AI decision-making automation software

As an affiliate, we earn on qualifying purchases.

As an affiliate, we earn on qualifying purchases.

Unanswered Questions About Implementation and Risks

It is not yet clear how organizations will practically implement these loops at scale, especially concerning verification and safety at higher levels of autonomy. The specific challenges of managing complex, multi-agent workflows and preventing unintended behaviors remain under discussion.
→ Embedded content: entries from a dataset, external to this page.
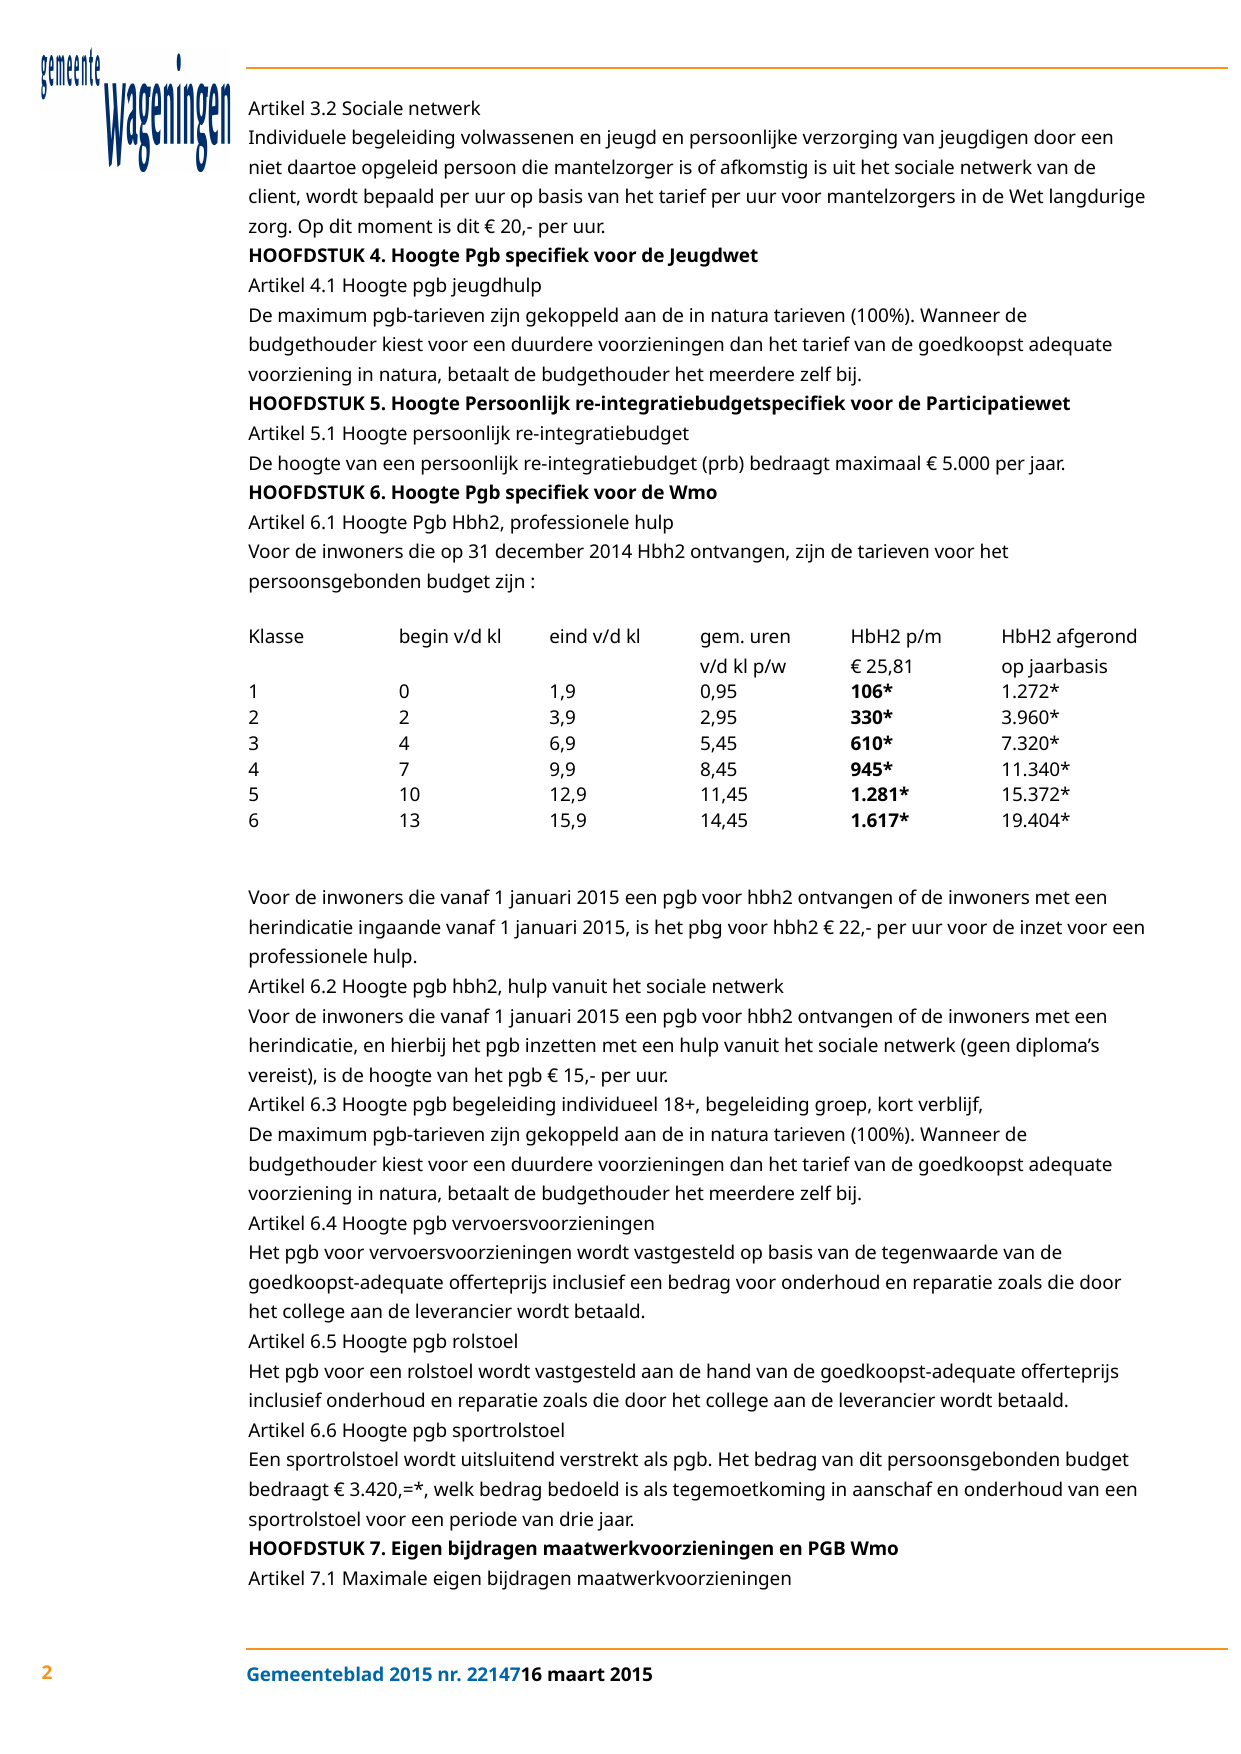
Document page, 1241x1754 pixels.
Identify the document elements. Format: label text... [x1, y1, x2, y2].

text De maximum pgb-tarieven zijn gekoppeld aan de in natura tarieven (100%). Wanneer de budgethouder kiest voor een duurdere voorzieningen dan het tarief van de goedkoopst adequate voorziening in natura, betaalt de budgethouder het meerdere zelf bij. [248, 1121, 1152, 1206]
table_cell 12,9 [549, 782, 700, 807]
text Artikel 6.4 Hoogte pgb vervoersvoorzieningen [248, 1210, 1152, 1236]
table_cell 2 [248, 705, 398, 730]
table_cell 14,45 [700, 808, 850, 833]
table_cell 3 [248, 730, 398, 756]
table_cell 8,45 [700, 756, 850, 782]
table_cell 6,9 [549, 730, 700, 756]
table_cell 1.281* [850, 782, 1001, 807]
table_cell 2 [399, 705, 549, 730]
table_cell 1 [248, 679, 398, 704]
table_header begin v/d kl [399, 624, 549, 679]
table_cell 5 [248, 782, 398, 807]
text Artikel 7.1 Maximale eigen bijdragen maatwerkvoorzieningen [248, 1565, 1152, 1591]
text Artikel 6.6 Hoogte pgb sportrolstoel [248, 1417, 1152, 1443]
text De hoogte van een persoonlijk re-integratiebudget (prb) bedraagt maximaal € 5.000 per jaar. [248, 450, 1152, 476]
table_cell [549, 833, 700, 859]
table_cell 3.960* [1001, 705, 1152, 730]
table_cell 11.340* [1001, 756, 1152, 782]
table_cell 15,9 [549, 808, 700, 833]
text Artikel 6.3 Hoogte pgb begeleiding individueel 18+, begeleiding groep, kort verblijf, [248, 1092, 1152, 1117]
table_cell 6 [248, 808, 398, 833]
text Voor de inwoners die vanaf 1 januari 2015 een pgb voor hbh2 ontvangen of de inwoners met een herindicatie, en hierbij het pgb inzetten met een hulp vanuit het sociale netwerk (geen diploma’s vereist), is de hoogte van het pgb € 15,- per uur. [248, 1003, 1152, 1088]
text Artikel 5.1 Hoogte persoonlijk re-integratiebudget [248, 420, 1152, 446]
table_cell 9,9 [549, 756, 700, 782]
table_header gem. uren v/d kl p/w [700, 624, 850, 679]
table_header HbH2 afgerond op jaarbasis [1001, 624, 1152, 679]
table_cell 15.372* [1001, 782, 1152, 807]
text HOOFDSTUK 7. Eigen bijdragen maatwerkvoorzieningen en PGB Wmo [248, 1535, 1152, 1561]
text Voor de inwoners die vanaf 1 januari 2015 een pgb voor hbh2 ontvangen of de inwoners met een herindicatie ingaande vanaf 1 januari 2015, is het pbg voor hbh2 € 22,- per uur voor de inzet voor een professionele hulp. [248, 884, 1152, 969]
table_cell 945* [850, 756, 1001, 782]
text HOOFDSTUK 6. Hoogte Pgb specifiek voor de Wmo [248, 479, 1152, 505]
table_cell 330* [850, 705, 1001, 730]
table_cell 11,45 [700, 782, 850, 807]
text Artikel 3.2 Sociale netwerk [248, 95, 1152, 121]
table_cell 5,45 [700, 730, 850, 756]
text Het pgb voor een rolstoel wordt vastgesteld aan de hand van de goedkoopst-adequate offerteprijs inclusief onderhoud en reparatie zoals die door het college aan de leverancier wordt betaald. [248, 1358, 1152, 1413]
table_cell [850, 833, 1001, 859]
text Artikel 6.5 Hoogte pgb rolstoel [248, 1328, 1152, 1354]
text Artikel 6.2 Hoogte pgb hbh2, hulp vanuit het sociale netwerk [248, 973, 1152, 999]
table_cell [700, 833, 850, 859]
table_cell 19.404* [1001, 808, 1152, 833]
table_cell 1,9 [549, 679, 700, 704]
text Individuele begeleiding volwassenen en jeugd en persoonlijke verzorging van jeugdigen door een niet daartoe opgeleid persoon die mantelzorger is of afkomstig is uit het sociale netwerk van de client, wordt bepaald per uur op basis van het tarief per uur voor mantelzorgers in de Wet langdurige zorg. Op dit moment is dit € 20,- per uur. [248, 124, 1152, 239]
text De maximum pgb-tarieven zijn gekoppeld aan de in natura tarieven (100%). Wanneer de budgethouder kiest voor een duurdere voorzieningen dan het tarief van de goedkoopst adequate voorziening in natura, betaalt de budgethouder het meerdere zelf bij. [248, 302, 1152, 387]
table_cell 7 [399, 756, 549, 782]
table_cell 4 [399, 730, 549, 756]
table_header HbH2 p/m € 25,81 [850, 624, 1001, 679]
text Een sportrolstoel wordt uitsluitend verstrekt als pgb. Het bedrag van dit persoonsgebonden budget bedraagt € 3.420,=*, welk bedrag bedoeld is als tegemoetkoming in aanschaf en onderhoud van een sportrolstoel voor een periode van drie jaar. [248, 1447, 1152, 1532]
table_cell 3,9 [549, 705, 700, 730]
table_cell 4 [248, 756, 398, 782]
table_cell 0,95 [700, 679, 850, 704]
table_cell 10 [399, 782, 549, 807]
table_cell [1001, 833, 1152, 859]
text HOOFDSTUK 4. Hoogte Pgb specifiek voor de Jeugdwet [248, 243, 1152, 268]
table_cell 7.320* [1001, 730, 1152, 756]
table_cell [248, 833, 398, 859]
table_header eind v/d kl [549, 624, 700, 679]
table_cell [399, 833, 549, 859]
text Het pgb voor vervoersvoorzieningen wordt vastgesteld op basis van de tegenwaarde van de goedkoopst-adequate offerteprijs inclusief een bedrag voor onderhoud en reparatie zoals die door het college aan de leverancier wordt betaald. [248, 1239, 1152, 1324]
picture [41, 47, 231, 172]
text Artikel 4.1 Hoogte pgb jeugdhulp [248, 272, 1152, 298]
table_cell 610* [850, 730, 1001, 756]
table_cell 2,95 [700, 705, 850, 730]
table_cell 0 [399, 679, 549, 704]
table_cell 106* [850, 679, 1001, 704]
table_header Klasse [248, 624, 398, 679]
text HOOFDSTUK 5. Hoogte Persoonlijk re-integratiebudgetspecifiek voor de Participatiewet [248, 391, 1152, 416]
text Voor de inwoners die op 31 december 2014 Hbh2 ontvangen, zijn de tarieven voor het persoonsgebonden budget zijn : [248, 538, 1152, 594]
text Artikel 6.1 Hoogte Pgb Hbh2, professionele hulp [248, 509, 1152, 535]
table_cell 1.617* [850, 808, 1001, 833]
table_cell 1.272* [1001, 679, 1152, 704]
table_cell 13 [399, 808, 549, 833]

Additionally, the framework’s applicability across different industries and task types is still being evaluated, and real-world case studies are limited.

Amazon

AI process orchestration platforms

As an affiliate, we earn on qualifying purchases.

As an affiliate, we earn on qualifying purchases.

Next Steps for Organizations Adopting the Delegation Ladder

Organizations are expected to experiment with the lower rungs—turn-based and goal-based loops—before gradually adopting more autonomous, proactive workflows. Industry leaders may develop best practices for verification, safety, and oversight as they scale these systems. Further research and case studies will clarify the risks and benefits, guiding broader adoption and refinement of the framework.

Amazon

autonomous AI workflow systems

As an affiliate, we earn on qualifying purchases.

As an affiliate, we earn on qualifying purchases.

Key Questions

What is the main purpose of the Delegation Ladder?

The framework aims to help organizations understand and implement different levels of AI autonomy, from simple checks to fully autonomous workflows, optimizing efficiency while managing risk.

How do the four loops differ in terms of control?

The first loop involves human oversight at each step, while the second allows the AI to decide when to stop based on goals. The third automates repeated tasks based on time or events, and the fourth enables fully autonomous, event-driven processes without human input.

What are the risks of moving up the ladder?

Higher levels of autonomy increase complexity and the potential for errors or unintended behaviors. Proper verification, system design, and oversight are essential to mitigate these risks.

Is this framework applicable across industries?

While the principles are broadly relevant, practical implementation depends on specific tasks, safety requirements, and organizational capacity. More case studies are needed to evaluate its versatility.

What should organizations do next?

Start with simple, verified loops and gradually adopt higher levels of autonomy as confidence and systems mature. Focus on verification, documentation, and safety protocols during this process.

Source: ThorstenMeyerAI.com

This content is for general information only and is not financial, tax or legal advice. Consult a qualified professional for decisions about your money.
You May Also Like

The Model Is Only 10%: The Real Lesson of the New SDLC

A new Google whitepaper emphasizes that AI models are only a small part of software systems; the focus should be on harnessing and verifying AI outputs.

Every Benchmark Launched 2023-2024 Has Fallen — The METR / SWE-Bench / CORE-Bench / MLE-Bench / PostTrainBench Sequence

Every major AI research benchmark launched between 2023 and 2024 has reached or is nearing saturation, indicating rapid progress in AI capabilities.

The 90-Day Window Closed. Nobody Sent a Notice.

The 90-day window for responsible disclosure has effectively ended, with no notices sent by vendors or researchers, raising concerns over security vulnerabilities.

Vendor insurance certificate tracker for property managers

Small property managers are testing a new vendor insurance certificate tracker to streamline document management and reduce risk.